Effects of free fatty acids found increased in women who develop pre-eclampsia on the ability of endothelial cells to produce prostacyclin, cGMP and inhibit platelet aggregation.

Abstract

Recently, we showed that levels of circulating free fatty acids are increased in women who later develop pre-eclampsia long before the clinical onset of the disease. Among the serum free fatty acids, oleic-, linoleic-, and palmitic acid were found to be increased by 37, 25 and 25%, respectively. In the present study we asked if these free fatty acids can interfere with endothelial cell functions.
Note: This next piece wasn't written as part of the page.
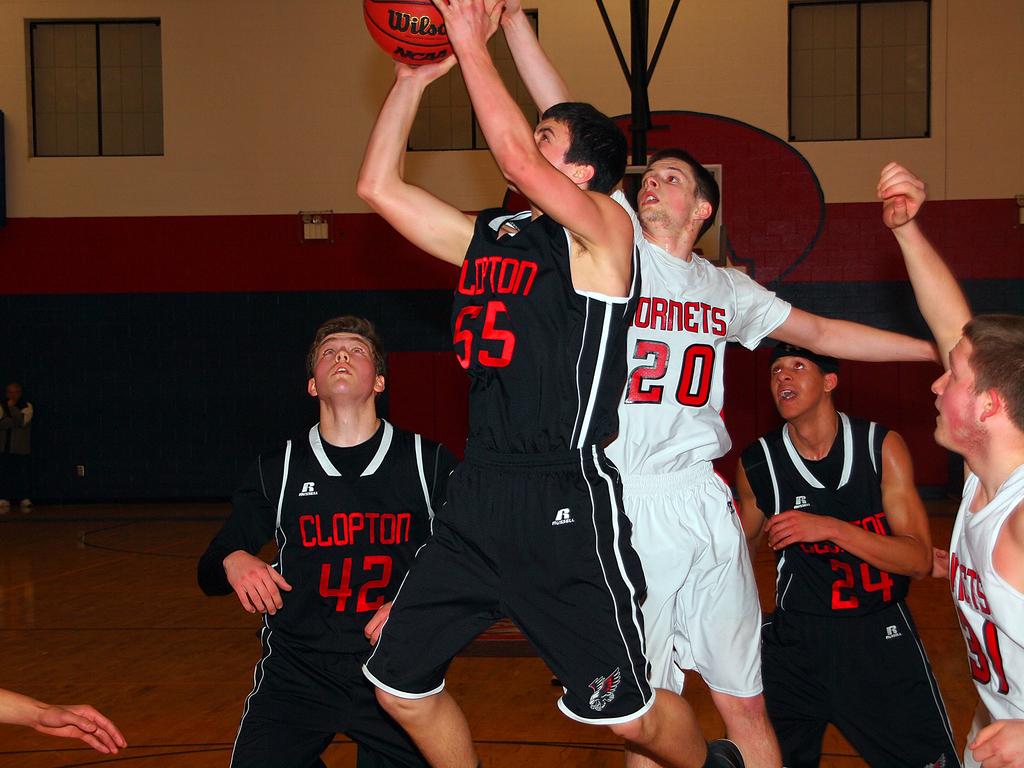What is the name of the school on the front of the black jerseys?
Your response must be concise. Clopton. What number is on the white jersey?
Your response must be concise. 20. 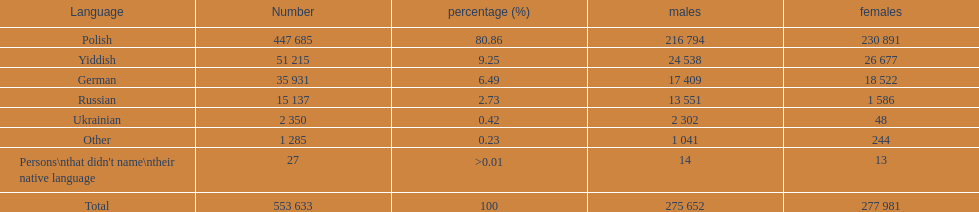Which is the least spoken language? Ukrainian. Give me the full table as a dictionary. {'header': ['Language', 'Number', 'percentage (%)', 'males', 'females'], 'rows': [['Polish', '447 685', '80.86', '216 794', '230 891'], ['Yiddish', '51 215', '9.25', '24 538', '26 677'], ['German', '35 931', '6.49', '17 409', '18 522'], ['Russian', '15 137', '2.73', '13 551', '1 586'], ['Ukrainian', '2 350', '0.42', '2 302', '48'], ['Other', '1 285', '0.23', '1 041', '244'], ["Persons\\nthat didn't name\\ntheir native language", '27', '>0.01', '14', '13'], ['Total', '553 633', '100', '275 652', '277 981']]}

Cultured endothelial cells were exposed to linoleic-, oleic- and palmitic acid in concentrations ranging from 0.016 to 0.133 mumol ml-1, resulting in molar ratios of free fatty acids to albumin of 0.2-1.6. We found that among these fatty acids, linoleic acid reduced the thrombin-stimulated prostacyclin release by 30-60%, oleic acid by 10-30%, whereas palmitic acid had no effect. Endothelial cells incubated in presence of linoleic acid showed a concentration-dependent reduction in prostacyclin release in response to thrombin, and cells incubated with linoleic acid for up to 28 h, showed a reduced thrombin-induced prostacyclin release at every time point. Endothelial level of cGMP mainly reflected the synthesis of endothelium-derived relaxing factor/nitrogen monoxide (EDRF/NO), since blocking of the endogenous production of EDRF/NO with N-omega-nitro-L-arginine, resulted in about 90% reduction in cGMP-content of the endothelial cells. Incubation with linoleic acid reduced the endothelial cGMP level by 70%. Linoleic acid reduced the endothelial cells ability to inhibit platelet aggregation by 10-45%, (p = 0.0019). It was concluded that linoleic acid impedes the ability of the endothelial cells to produce prostacyclin and cGMP, and to inhibit platelet aggregation.